Investigate the Effect of Stagnant Zone Behavior in One-Dimensional Hydrodynamic Models and Solute Transport in Rivers

Showing the rivers as a one-dimensional problem has simplified or eliminated many processes affecting salinity transfer in the river. Storage processes are one of the factors affecting water quality in rivers. Generally, as a substantial factor, the limitation of observational data confines the use of two-dimensional and three-dimensional models, leading to the use of more widely employed one-dimensional models. Most existing computer models are developed based on the Advection-Dispersion Equation (ADE) and do not consider the storage zone. For this purpose, Modified Advection-Dispersion Equation (MADE) is proposed to consider the stagnant area by defining effective velocity and dispersion coefficient. In this study, a solution has been proposed to apply the effect of the Stagnant zone in water quality simulation in one-dimensional models. The river simulation is closer to the natural conditions. In this model, to prove the improvement of the proposed method, the average stagnant zone fraction expressed as the fraction of the average cross-sectional area of the river (η) and employed in a one-dimensional model through the definition of the effective velocity and the dispersion coefficient. This model is considered representative of the one-dimensional models developed only by the Advection /Dispersion relation, and the proposed method was investigated for the Arvand River. Observational data along the river were used to calibrate and validate the model.

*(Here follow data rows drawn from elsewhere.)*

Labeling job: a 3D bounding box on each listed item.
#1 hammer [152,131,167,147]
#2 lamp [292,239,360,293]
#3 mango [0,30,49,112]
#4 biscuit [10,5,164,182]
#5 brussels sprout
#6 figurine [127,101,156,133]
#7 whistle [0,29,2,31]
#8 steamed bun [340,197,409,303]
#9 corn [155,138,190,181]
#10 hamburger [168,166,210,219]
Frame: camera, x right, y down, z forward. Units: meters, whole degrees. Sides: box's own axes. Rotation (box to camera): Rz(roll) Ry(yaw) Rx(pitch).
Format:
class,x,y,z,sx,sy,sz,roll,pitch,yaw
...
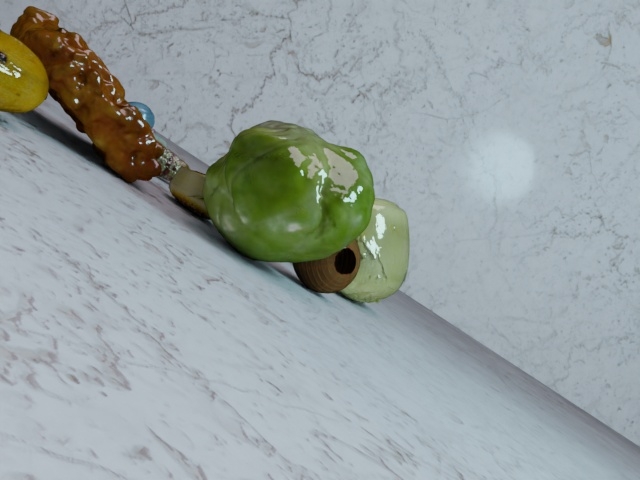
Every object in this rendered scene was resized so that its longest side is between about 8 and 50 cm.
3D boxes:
class,x,y,z,sx,sy,sz,roll,pitch,yaw
hammer,-0.394,-0.205,1.875,0.116,0.069,0.194,32,7,-44
lamp,0.011,0.034,1.523,0.136,0.136,0.136,33,3,-2
mango,-0.497,-0.253,1.092,0.262,0.109,0.157,24,18,-45
biscuit,-0.414,-0.260,1.407,0.318,0.110,0.312,57,-9,-33
brussels sprout,-0.066,-0.091,1.391,0.316,0.274,0.242,37,-37,30
figurine,-0.548,-0.336,2.015,0.260,0.103,0.205,23,1,0
whistle,-0.593,-0.329,1.400,0.244,0.092,0.110,30,-31,49
steamed bun,0.124,0.023,1.812,0.166,0.232,0.273,-11,-16,23
corn,-0.387,-0.202,1.730,0.237,0.079,0.079,32,3,-22
hamburger,-0.225,-0.086,1.534,0.141,0.081,0.126,21,0,0
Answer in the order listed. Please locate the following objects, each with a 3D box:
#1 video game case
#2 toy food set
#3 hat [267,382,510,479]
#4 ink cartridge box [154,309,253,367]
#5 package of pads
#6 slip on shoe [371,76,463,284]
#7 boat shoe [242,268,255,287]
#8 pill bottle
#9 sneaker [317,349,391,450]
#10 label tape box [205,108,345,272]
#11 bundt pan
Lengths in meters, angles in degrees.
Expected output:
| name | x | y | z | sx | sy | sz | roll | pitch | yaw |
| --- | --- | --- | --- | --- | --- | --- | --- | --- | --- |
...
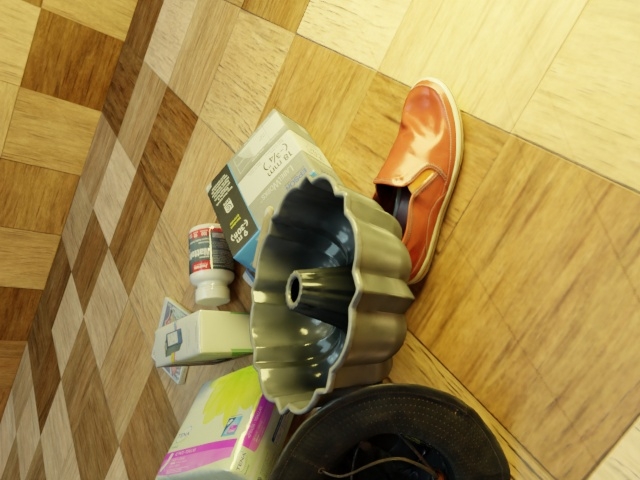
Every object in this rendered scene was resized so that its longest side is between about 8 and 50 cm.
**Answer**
| name | x | y | z | sx | sy | sz | roll | pitch | yaw |
| --- | --- | --- | --- | --- | --- | --- | --- | --- | --- |
| video game case | -0.405 | 0.271 | 1.401 | 0.201 | 0.023 | 0.184 | 17 | 94 | 50 |
| toy food set | 0.000 | 0.000 | 0.886 | 0.071 | 0.217 | 0.128 | -62 | -20 | -72 |
| hat | 0.072 | 0.319 | 0.679 | 0.134 | 0.331 | 0.332 | -124 | 52 | -77 |
| ink cartridge box | -0.253 | 0.223 | 1.132 | 0.212 | 0.154 | 0.093 | -23 | 66 | 43 |
| package of pads | -0.176 | 0.364 | 0.981 | 0.296 | 0.101 | 0.229 | -30 | 26 | 41 |
| slip on shoe | 0.139 | -0.097 | 0.792 | 0.123 | 0.101 | 0.332 | 12 | 90 | 52 |
| boat shoe | -0.101 | 0.089 | 1.056 | 0.183 | 0.066 | 0.066 | 36 | 99 | 43 |
| pill bottle | -0.261 | 0.060 | 1.219 | 0.108 | 0.107 | 0.180 | -28 | 61 | 43 |
| sneaker | 0.032 | 0.218 | 0.845 | 0.302 | 0.108 | 0.121 | 48 | 116 | 35 |
| label tape box | -0.078 | -0.068 | 1.003 | 0.240 | 0.105 | 0.334 | -45 | 49 | 18 |
| bundt pan | 0.015 | 0.077 | 0.721 | 0.330 | 0.124 | 0.331 | -33 | 52 | 56 |
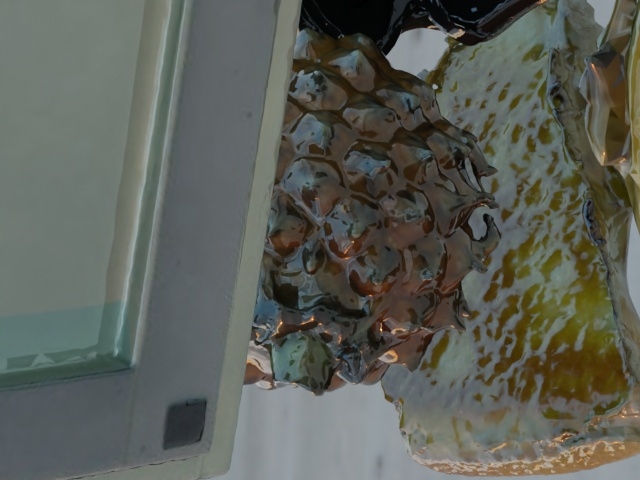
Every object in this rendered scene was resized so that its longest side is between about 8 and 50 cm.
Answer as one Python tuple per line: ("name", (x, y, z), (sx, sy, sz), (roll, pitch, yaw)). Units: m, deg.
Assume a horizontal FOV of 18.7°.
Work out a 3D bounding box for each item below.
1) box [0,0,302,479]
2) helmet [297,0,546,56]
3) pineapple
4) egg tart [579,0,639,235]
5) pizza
("box", (-0.124, -0.046, 0.464), (0.117, 0.225, 0.225), (26, 113, 44))
("helmet", (0.048, -0.165, 0.945), (0.153, 0.177, 0.107), (75, 179, -66))
("pineapple", (0.000, 0.000, 0.885), (0.193, 0.166, 0.166), (-85, 2, -47))
("egg tart", (0.201, -0.055, 0.574), (0.095, 0.279, 0.278), (-145, 57, -69))
("pizza", (0.105, -0.014, 1.045), (0.189, 0.071, 0.297), (-22, 65, 35))

Since the available and well-known one-dimensional computer programs are generally developed based on the 1D Advection-Dispersion model, they do not consider factors affecting salinity transport such as topography and river morphology heterogeneities known as storage areas. In such a way, these processes are not expressed by presenting the problem as a one-dimensional equation. In this research, in order to increase the accuracy of the simulation with well-known and available one-dimensional models a corrective solution is proposed. To compare the proposed modified method and the base ADE, at the first, the tidal and transboundary arvand river is modeled as a study area, which is a well-mixed river. The river's upstream and downstream boundary conditions were defined according to the available data in 2014. Manning's roughness parameters ranged from 0.017 to 0.033, and the dispersion coefficient was 285 m3/s according to previous studies. In order to apply the effect of stagnant areas in the modified equations, it is essential to determine the value of η for the river. This study uses three parameters of dispersion factor (a), dispersion exponent (b), and η by ant colony algorithm with the definition of 5 initial ants and 100 repetitions in Sehan station in the study area, Arvand river was optimized. The values of the estimated parameters are respectively η = 0.168, a = 273.4, b = 0.94. Therefore, in the modified model, corrections were made using the speed and effective dispersion coefficient as the modified Advection - Dispersion (MADE) method and considering variable dispersion coefficient depending on the flow's speed in the one-dimensional model. These changes were validated in the other two stations (Faw and Dweeb).
Based on this study results, increasing the parameter η caused the peak of the time series to rise and the river's travel time to decrease. The shortening of the water travel time in the river, although increases the dispersion coefficient due to the influence of the stagnant zone, the effect of this parameter on the time series of the simulated concentration is reduced. Like the observational data, the slope of falling and rising limbs is increased. By comparing the one-dimensional model in the two cases of using the effective dispersion coefficient and velocity and without it, the increase in accuracy in the simulation was determined at Sehan station - 123 km from the river formation site - after optimizing the coefficients with three statistical errors parameters. In addition, these changes at two other stations along the river with distances of 180 and 150 km from the river's source confirm this accuracy. For instance, the simulated and measured concentration in 12 months of the year by applying the optimized coefficients reaches the correlation coefficient (r) of 0.86 to 0.97 at a distance of 150 km from the upstream, and the root means square error (RMSE) improves 1.27 ppt. The remaining difference in the concentration estimation may be caused by the effect of other parameters or even the entry of agricultural runoff from the lands along the river.
Accurate estimation and simulation of concentration in river engineering have always been one of the environmental challenges. This research aimed to improve water quality simulation using one-dimensional model in well-mixed rivers. In order to increase the accuracy of the modeling and become closer to the actual conditions, correction factors such as considering the dead zones along the river have been suggested. Analysis showed that, on average, 16% of the surface of the Arvand River's cross-sections are stagnant areas, and the dispersion coefficient depends on the river's speed. These areas include bed dunes and meanderings of the river. The point that attracts attention is the tidal irrigation channels on the sides of the river. The results showed that in Sehan, Dweeb, and Faw stations, the root means square error decreases to 1.78, 1.27, and 0.84, respectively. Therefore, the modified 1D model estimated the concentration (in this study salinity) closer to the measurement data. In Dweeb and Sehan stations, the effect of dead zones such as river meandering is evident. Still, in Faw station, no significant improvement in the impact of stagnant zones was observed due to its proximity to the river mouth. The results of this research can be used for higher accuracy in one-dimensional water quality simulations and bringing the models closer to the natural conditions in rivers.